2. Documents (22) and (25) were filed with the statement of grounds of appeal. They undeniably relate to the case under appeal as they are concerned with the sequence or structure of subtilisins. They are, thus, admitted in the proceedings.
Main request; claim 1
Article 87 EPC; entitlement to priority
3. Pursuant to Article 87(1) EPC, a person who has duly filed in or for any state party to the Paris Convention for the Protection of Industrial Property an application for a patent shall enjoy for the purpose of filing a European patent application in respect of the same invention a right of priority during a period of twelve months from the date of filing of the first application.
4. In accordance with the Enlarged Board decision G 2/98 (OJ EPO 2001, 413), the requirement for claiming priority of the same invention means that the priority is to be acknowledged in respect of a claim of a European patent only if the skilled person can, using his common general knowledge, derive the same subject-matter of the claim directly and unambiguously from the previous application as a whole.
5. Thus, to assess whether or not the subtilisin variant of claim 1 which bears a mutation in the calcium ion binding site A (CaA) enjoys priority, the content of the priority document (P1) (US 34965) filed on 6 April 1987 must be analysed. General considerations on protein structure including potential stabilisation by metal ion binding are found on pages 1 to 4. Starting on page 4 (Summary of the invention), it is envisaged that, if a protein contains more than one metal ion binding site, then more than one site may be altered and, also, that any one site may carry more than one altered amino acid residue. There follow detailed explanations of how to proceed to target the relevant sites - identifying their natural intrinsic thermostability by a number of methods and determining the changes to be performed. Serine proteases in general are disclosed as suitable substrates for alterations on page 16. Increases in the stability of subtilisin BPN' by altering the Ca++ ion binding site B are mentioned in the passage bridging pages 18 and 19.
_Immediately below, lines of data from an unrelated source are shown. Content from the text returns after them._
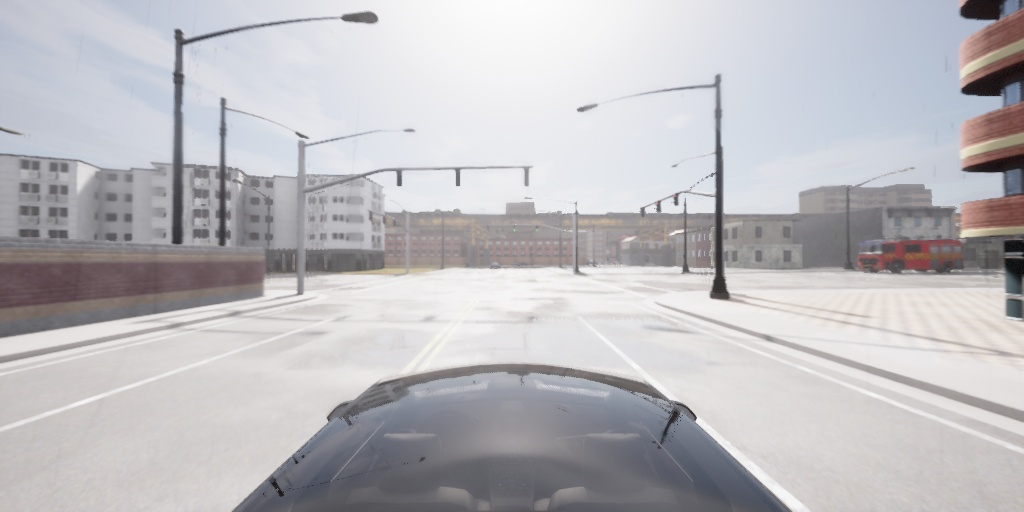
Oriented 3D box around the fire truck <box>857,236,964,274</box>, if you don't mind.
[{"bbox_3d":[42.477,-0.117,38.443,8.468,3.827,2.891,-1,-1,1],"label":"fire truck"}]
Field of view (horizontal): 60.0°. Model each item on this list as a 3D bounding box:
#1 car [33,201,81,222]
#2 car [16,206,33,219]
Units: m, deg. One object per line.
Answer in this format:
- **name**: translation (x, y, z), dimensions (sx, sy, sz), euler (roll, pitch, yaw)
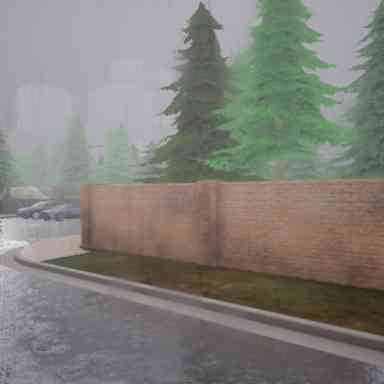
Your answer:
- **car**: translation (-10.242, 1.623, 27.235), dimensions (1.994, 1.385, 4.181), euler (0, 0, 35)
- **car**: translation (-12.920, 1.573, 29.511), dimensions (1.837, 1.490, 4.892), euler (0, 0, 35)
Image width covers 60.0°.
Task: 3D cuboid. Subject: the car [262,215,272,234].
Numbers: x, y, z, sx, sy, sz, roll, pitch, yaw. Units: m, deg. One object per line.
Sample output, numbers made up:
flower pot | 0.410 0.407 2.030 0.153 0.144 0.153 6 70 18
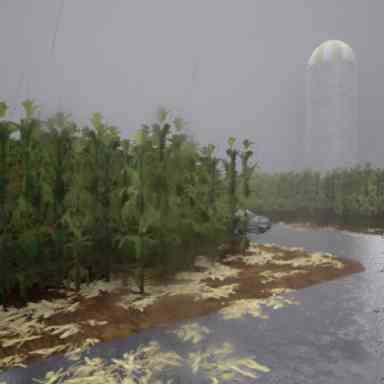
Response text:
car | 2.152 1.418 17.983 1.837 1.490 4.892 1 0 -34
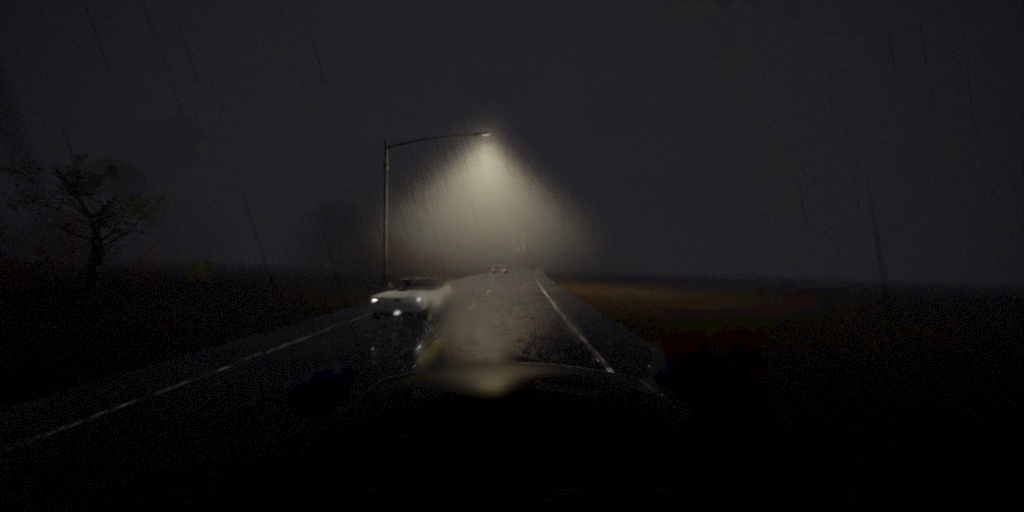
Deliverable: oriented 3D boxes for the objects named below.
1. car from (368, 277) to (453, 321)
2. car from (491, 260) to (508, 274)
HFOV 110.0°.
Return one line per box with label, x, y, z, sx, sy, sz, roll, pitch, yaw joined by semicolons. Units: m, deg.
car;-3.505;1.469;13.227;1.895;1.301;4.718;0;-1;1
car;-1.811;1.656;54.316;2.150;2.045;5.566;0;-1;4

6. From page 19 onwards, a description is provided of how to apply the method disclosed on page 4 to subtilisin BPN'. Thus, the detailed structure of the two calcium ion binding sites present on the molecule is given on the basis of crystallographic data. Then, a chemical analysis of the two sites is carried out to evaluate their intrinsic calcium ion binding strength. It is, thus, found that the calcium ion binds more strongly to the subtilisin CaA binding site than to EDTA, whereas the calcium ion may be replaced by other ions at the calcium ion binding site CaB. Taken together with thermal inactivation kinetics data, these data lead the inventors to conclude on page 23, last paragraph, that:
"In the light of all the available chemical and physical information described above, it is possible to nominate the calcium site B as the most likely candidate responsible for the weak calcium binding demonstrated in Figure 4 for wild type subtilisin BPN'."
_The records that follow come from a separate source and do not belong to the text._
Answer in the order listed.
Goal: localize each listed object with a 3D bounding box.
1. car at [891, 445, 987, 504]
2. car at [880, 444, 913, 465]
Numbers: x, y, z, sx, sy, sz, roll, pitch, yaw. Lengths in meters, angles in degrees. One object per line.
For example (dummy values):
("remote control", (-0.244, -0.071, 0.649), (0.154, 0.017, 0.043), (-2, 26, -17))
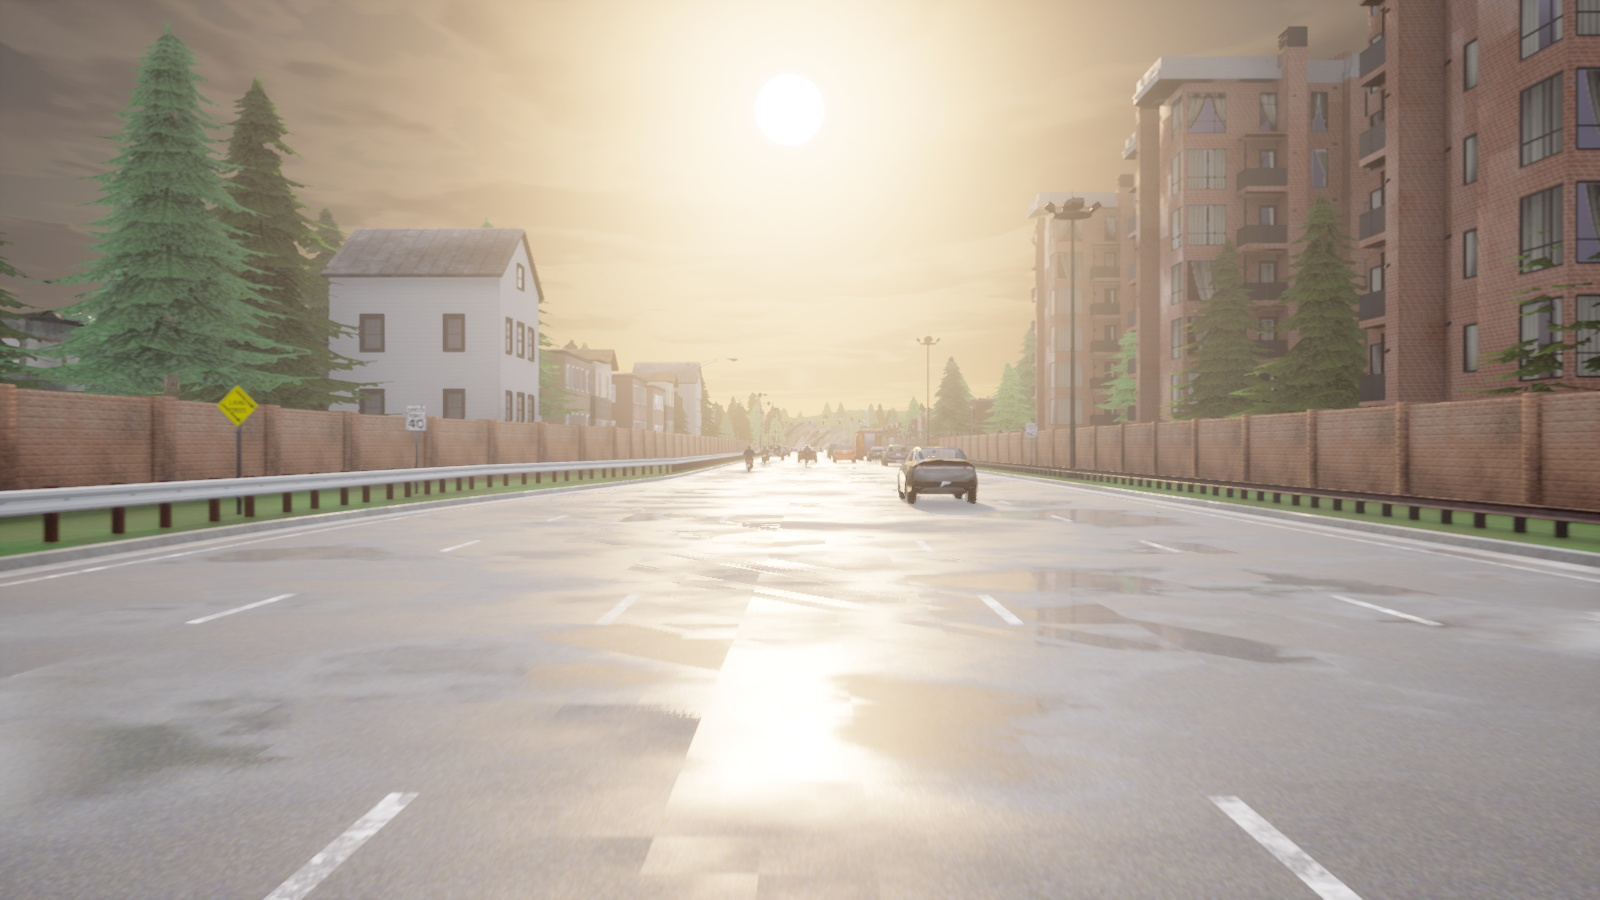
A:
("car", (3.714, 0.619, 34.428), (2.128, 1.511, 4.902), (0, 0, 0))
("car", (7.584, 0.347, 98.705), (2.242, 1.667, 4.611), (0, 0, 0))

The rest of the application is exclusively concerned with altering site B in such a way as to achieve enhanced thermal stability.
7. In the board's judgement, the overall teaching of the priority document (P1) amounts to a direct and unambiguous disclosure of a subtilisin variant at the Ca++ ion binding site B. Of course, the presence of another calcium ion binding site, namely CaA, is mentioned. The mere knowledge of its presence provides the "theoretical possibility" that it may be altered. But taking into account, on the one hand, that the experiments relating to it show that it is a strong calcium binding site and, on the other hand, that it is never identified as a possible target for mutagenesis, this theoretical possibility does not amount to a direct and unambiguous disclosure of subtilisin variants with increased thermostability carrying changes at CaA binding site.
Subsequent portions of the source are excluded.